▸ **TASK**:
When the line containing "text Artikel 2." is reached, begin reproducing lines exactly and continue through the last line of the records below.

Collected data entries
——

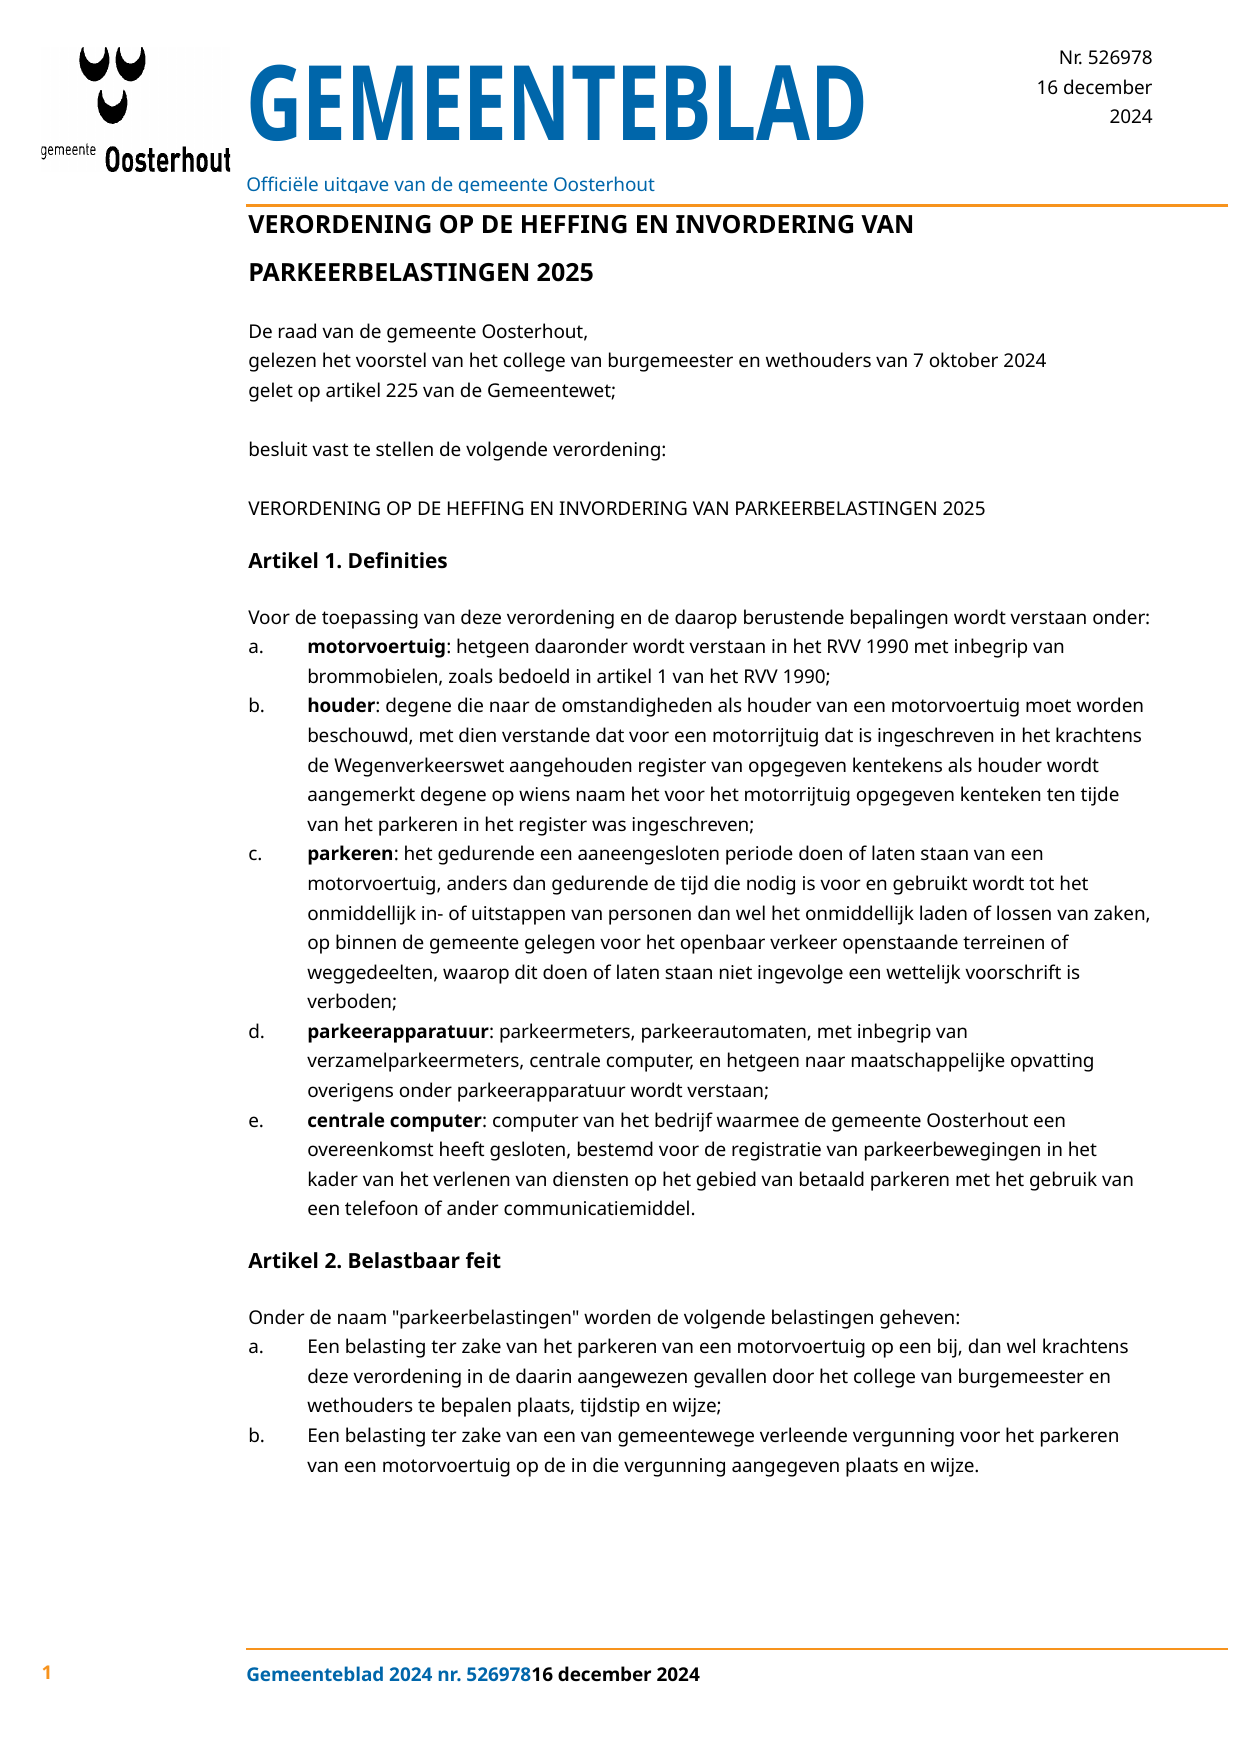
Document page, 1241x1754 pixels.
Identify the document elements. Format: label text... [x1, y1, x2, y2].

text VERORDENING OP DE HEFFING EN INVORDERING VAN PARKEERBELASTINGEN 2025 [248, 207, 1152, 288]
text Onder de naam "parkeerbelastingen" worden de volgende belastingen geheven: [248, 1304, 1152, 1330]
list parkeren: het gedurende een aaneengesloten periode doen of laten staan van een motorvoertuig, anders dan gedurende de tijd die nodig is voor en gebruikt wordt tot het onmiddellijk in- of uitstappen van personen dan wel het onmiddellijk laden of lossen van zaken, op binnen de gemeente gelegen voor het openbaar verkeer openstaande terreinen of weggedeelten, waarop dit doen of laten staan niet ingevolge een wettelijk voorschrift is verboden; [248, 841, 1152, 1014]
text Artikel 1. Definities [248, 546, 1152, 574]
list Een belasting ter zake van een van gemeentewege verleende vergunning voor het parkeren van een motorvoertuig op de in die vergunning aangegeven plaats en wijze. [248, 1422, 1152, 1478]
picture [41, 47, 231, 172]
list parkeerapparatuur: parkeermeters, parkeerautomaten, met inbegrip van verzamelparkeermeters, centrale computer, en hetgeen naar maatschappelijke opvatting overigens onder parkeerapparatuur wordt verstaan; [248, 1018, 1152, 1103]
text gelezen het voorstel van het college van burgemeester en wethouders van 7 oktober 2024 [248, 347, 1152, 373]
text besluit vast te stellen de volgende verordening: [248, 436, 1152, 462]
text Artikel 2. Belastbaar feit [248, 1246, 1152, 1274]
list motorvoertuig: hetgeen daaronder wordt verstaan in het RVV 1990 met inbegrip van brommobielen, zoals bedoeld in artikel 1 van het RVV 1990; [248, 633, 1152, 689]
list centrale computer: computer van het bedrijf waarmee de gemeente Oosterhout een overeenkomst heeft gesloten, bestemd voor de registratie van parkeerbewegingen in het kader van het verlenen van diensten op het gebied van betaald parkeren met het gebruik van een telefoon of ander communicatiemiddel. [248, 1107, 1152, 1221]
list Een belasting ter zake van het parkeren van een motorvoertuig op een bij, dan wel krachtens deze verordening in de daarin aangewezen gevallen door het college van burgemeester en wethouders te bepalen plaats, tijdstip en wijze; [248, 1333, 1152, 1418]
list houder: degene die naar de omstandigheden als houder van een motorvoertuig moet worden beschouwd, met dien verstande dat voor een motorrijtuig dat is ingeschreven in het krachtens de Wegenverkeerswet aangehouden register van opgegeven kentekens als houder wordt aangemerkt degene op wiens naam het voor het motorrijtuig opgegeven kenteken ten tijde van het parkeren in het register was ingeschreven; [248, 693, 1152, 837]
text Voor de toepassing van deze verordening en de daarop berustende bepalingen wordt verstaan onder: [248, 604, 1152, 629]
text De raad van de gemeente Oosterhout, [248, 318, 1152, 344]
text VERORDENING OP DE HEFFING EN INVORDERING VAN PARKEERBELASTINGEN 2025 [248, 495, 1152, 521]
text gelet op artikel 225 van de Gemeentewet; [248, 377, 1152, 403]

——

▸ **PROBLEM SOLUTION**:
text Artikel 2. Belastbaar feit [248, 1246, 1152, 1274]
list motorvoertuig: hetgeen daaronder wordt verstaan in het RVV 1990 met inbegrip van brommobielen, zoals bedoeld in artikel 1 van het RVV 1990; [248, 633, 1152, 689]
list centrale computer: computer van het bedrijf waarmee de gemeente Oosterhout een overeenkomst heeft gesloten, bestemd voor de registratie van parkeerbewegingen in het kader van het verlenen van diensten op het gebied van betaald parkeren met het gebruik van een telefoon of ander communicatiemiddel. [248, 1107, 1152, 1221]
list Een belasting ter zake van het parkeren van een motorvoertuig op een bij, dan wel krachtens deze verordening in de daarin aangewezen gevallen door het college van burgemeester en wethouders te bepalen plaats, tijdstip en wijze; [248, 1333, 1152, 1418]
list houder: degene die naar de omstandigheden als houder van een motorvoertuig moet worden beschouwd, met dien verstande dat voor een motorrijtuig dat is ingeschreven in het krachtens de Wegenverkeerswet aangehouden register van opgegeven kentekens als houder wordt aangemerkt degene op wiens naam het voor het motorrijtuig opgegeven kenteken ten tijde van het parkeren in het register was ingeschreven; [248, 693, 1152, 837]
text Voor de toepassing van deze verordening en de daarop berustende bepalingen wordt verstaan onder: [248, 604, 1152, 629]
text De raad van de gemeente Oosterhout, [248, 318, 1152, 344]
text VERORDENING OP DE HEFFING EN INVORDERING VAN PARKEERBELASTINGEN 2025 [248, 495, 1152, 521]
text gelet op artikel 225 van de Gemeentewet; [248, 377, 1152, 403]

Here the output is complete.